Mykoplazma i „zespół białych płuc”
– Obecnie na oddziale mamy sporo pacjentów z zapaleniem płuc wywołanym mykoplazmą pneumoniae – mówi Interii Lidia Stopyra, ordynator Oddziału Chorób Infekcyjnych i Pediatrii w Szpitalu Specjalistycznym im. Stefana Żeromskiego w Krakowie.
– Charakterystyczny dla tego zapalenia płuc jest fakt, że dzieci są w stosunkowo dobrym stanie, jak na to, jak olbrzymie zmiany w płucach obserwujemy w badaniach radiologicznych czy na USG – wskazuje.
Wspomniane zmiany w płucach pokazują się na zdjęciach rentgenowskich jako białe plamy, dlatego też zapalenie płuc wywołane mykoplazmą bywa nazywane „zespołem białych płuc”.
Początkowo objawy mykoplazmy przypominają inne infekcje dróg oddechowych – zalicza się do nich m.in. ból gardła, katar, ogólne osłabienie, kaszel, ból mięśni, ból głowy.
Skąd wiadomo, że to mykoplazma?
Jak rozpoznać zakażenie? – Na rynku są dostępne testy antygenowe, ale nie są zbyt czułe. Można też wykonać badania z krwi z oznaczeniem przeciwciał, tylko tu też trzeba wiedzieć, w jakim momencie infekcji wykonać taki test. Na początku zakażenia nie będzie on miarodajny – wyjaśnia doktor Stopyra.
Taki test z krwi można wykonać na własną rękę w centrum diagnostycznym. Koszt jest jednak stosunkowo wysoki – 60-90 zł za jedno badanie.

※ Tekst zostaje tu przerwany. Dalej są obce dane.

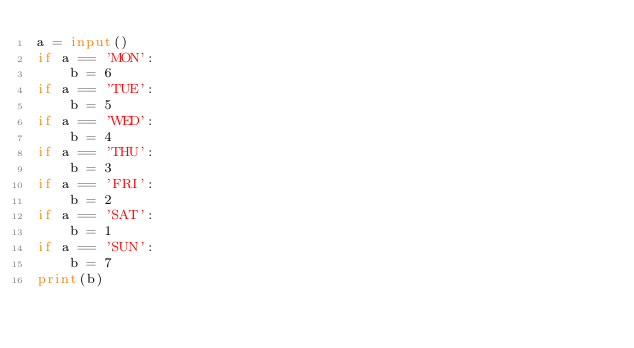Convert code to text. <code><loc_0><loc_0><loc_500><loc_500><_Python_>a = input()
if a == 'MON':
    b = 6
if a == 'TUE':
    b = 5
if a == 'WED':
    b = 4
if a == 'THU':
    b = 3
if a == 'FRI':
    b = 2
if a == 'SAT':
    b = 1
if a == 'SUN':
    b = 7
print(b)
</code>

– Dlatego należy się skonsultować z lekarzem. My też, dobierając leczenie, zawsze bierzemy pod uwagę wywiad rodzinny i sytuację epidemiologiczną. A teraz mamy epidemię mykoplazmy – mówi.
Mycoplasma pneumoniae. Jak leczyć?
Ze względu na wspomnianą specyficzną budowę, w walce z mykoplazmą nie są skuteczne antybiotyki, które działają na poziomie ściany komórkowej. A właśnie takie przepisywane są przez lekarzy jako leki pierwszego wyboru przy infekcjach górnych dróg oddechowych.

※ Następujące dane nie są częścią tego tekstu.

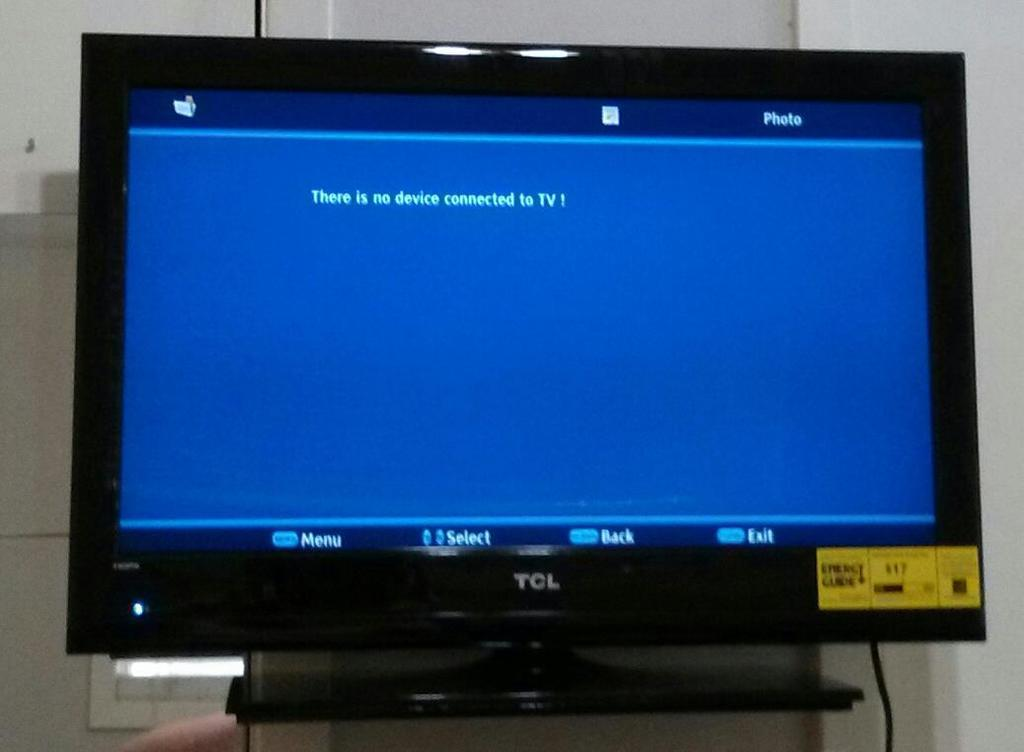<image>
Summarize the visual content of the image. a blue screen on a computer that says there is no device connected

Na szczęście pacjenci nie zostają bez możliwości leczenia.
– Mykoplazmy są wrażliwe na antybiotyki, ale tylko na jedną grupę, dlatego trzeba włączyć odpowiednie leczenie. Wybiera się wówczas klarytromycynę albo azytromycynę – mówi lekarka.

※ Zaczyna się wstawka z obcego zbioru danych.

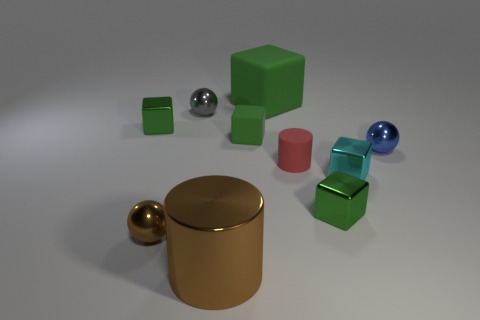Subtract all green cylinders. How many green blocks are left? 4 Subtract all large green rubber cubes. How many cubes are left? 4 Subtract all cyan cubes. How many cubes are left? 4 Subtract all blue spheres. Subtract all green blocks. How many spheres are left? 2 Subtract all balls. How many objects are left? 7 Subtract 1 brown cylinders. How many objects are left? 9 Subtract all big brown rubber objects. Subtract all cyan shiny blocks. How many objects are left? 9 Add 7 small gray spheres. How many small gray spheres are left? 8 Add 9 tiny brown matte cubes. How many tiny brown matte cubes exist? 9

Czy bez antybiotykoterapii można pozbyć się mykoplazmy? – W części przypadków można – przyznaje Lidia Stopyra. – Zdarza się, że infekcja ma łagodny przebieg, mija sama i pacjenci nawet nie wiedzą, że mieli mykoplazmę. Oczywiście pacjenci z prawidłową odpornością – wskazuje.